(Items from a dataset)
__________________________________________________

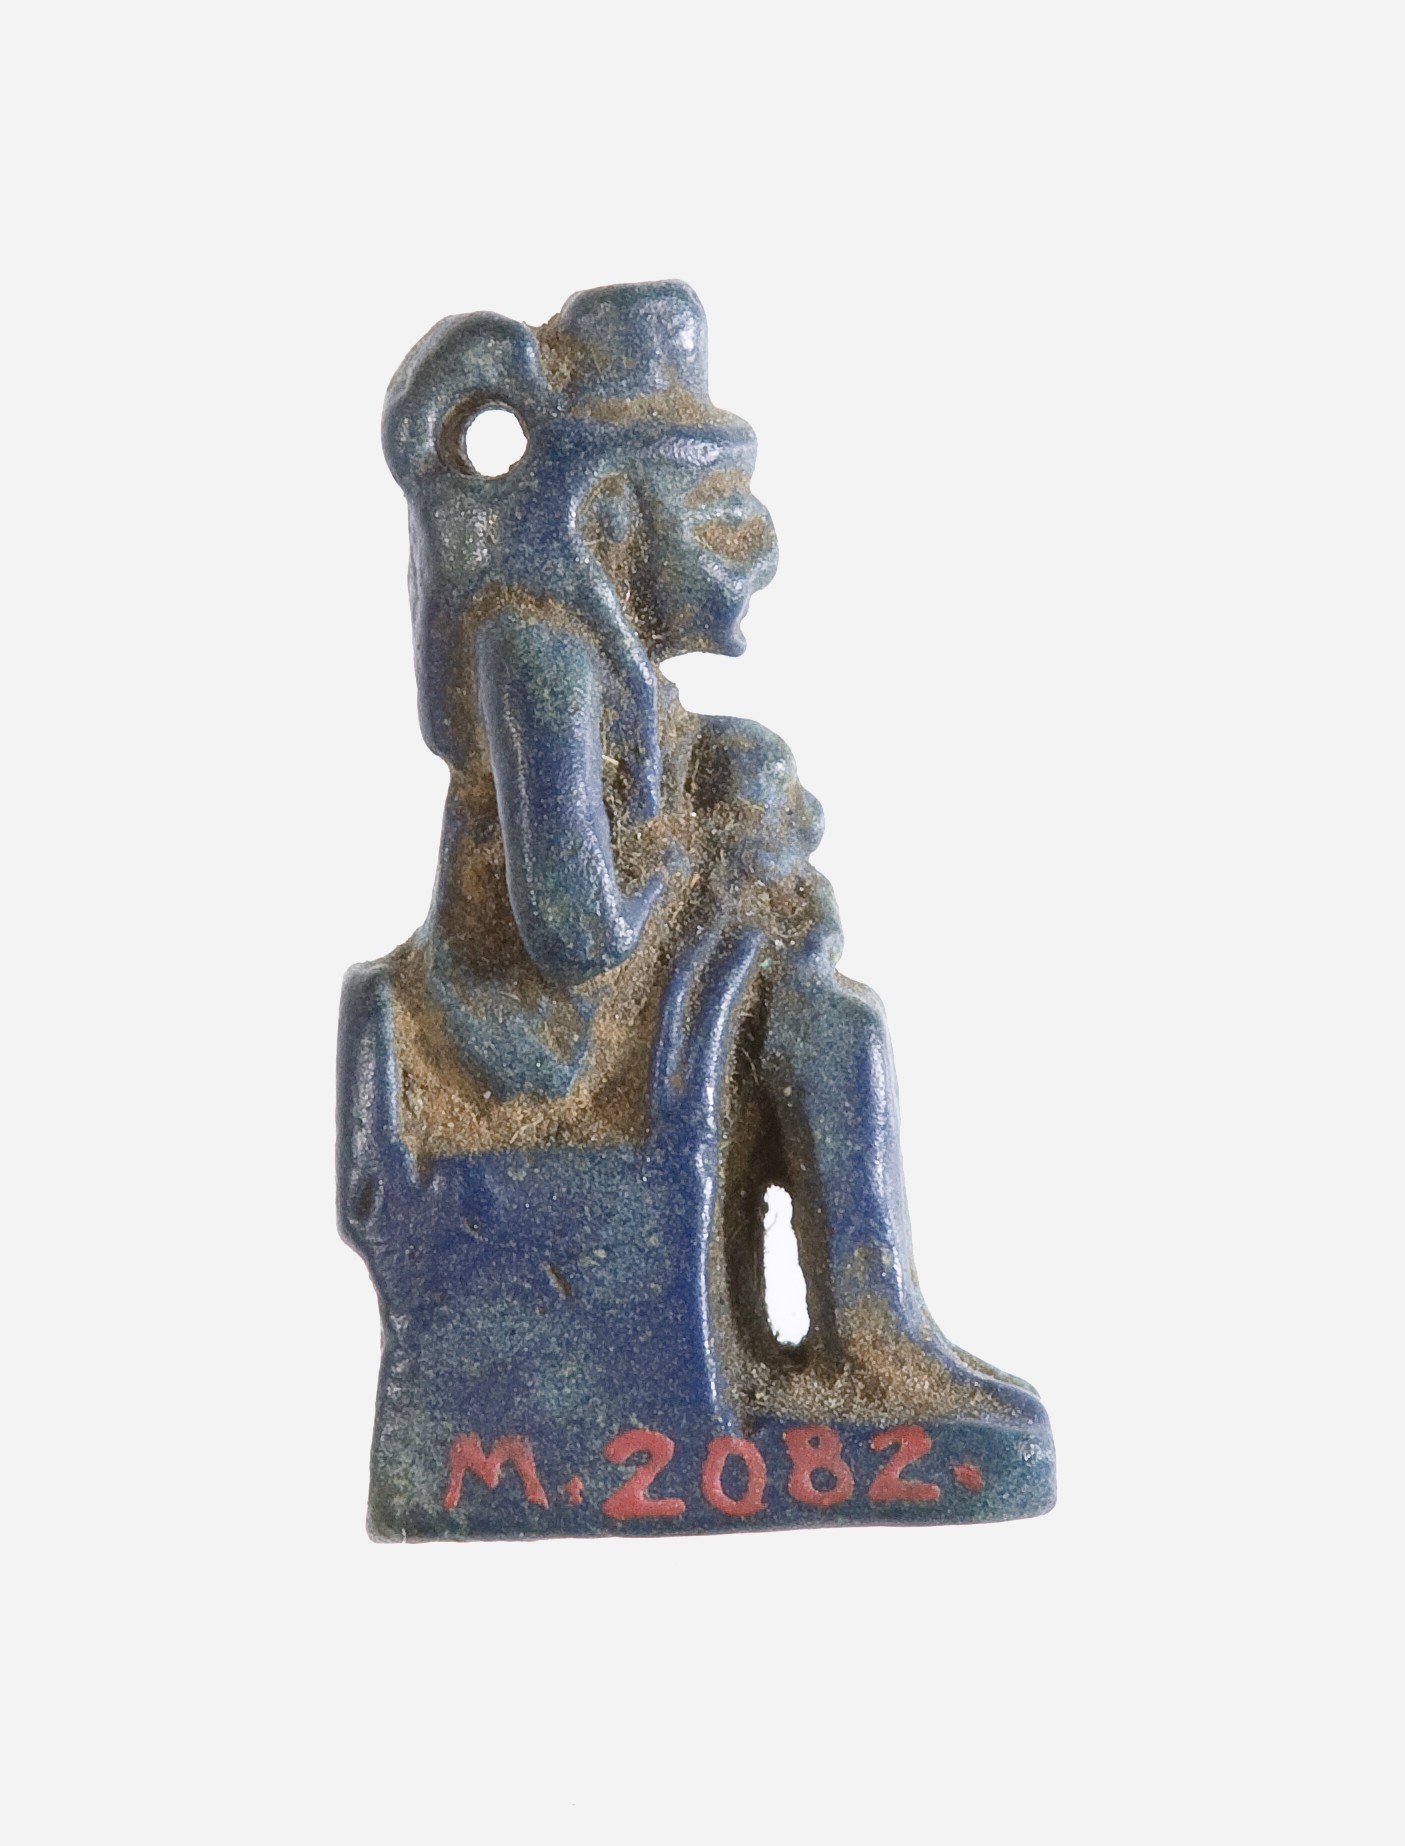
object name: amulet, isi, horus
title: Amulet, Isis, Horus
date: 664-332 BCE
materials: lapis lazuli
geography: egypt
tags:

__________________________________________________

[Exercise brief]: Please copy the data shown above, line by line and exactly, omitting the images.

[Expected answer]:
object name: amulet, isi, horus
title: Amulet, Isis, Horus
date: 664-332 BCE
materials: lapis lazuli
geography: egypt
tags:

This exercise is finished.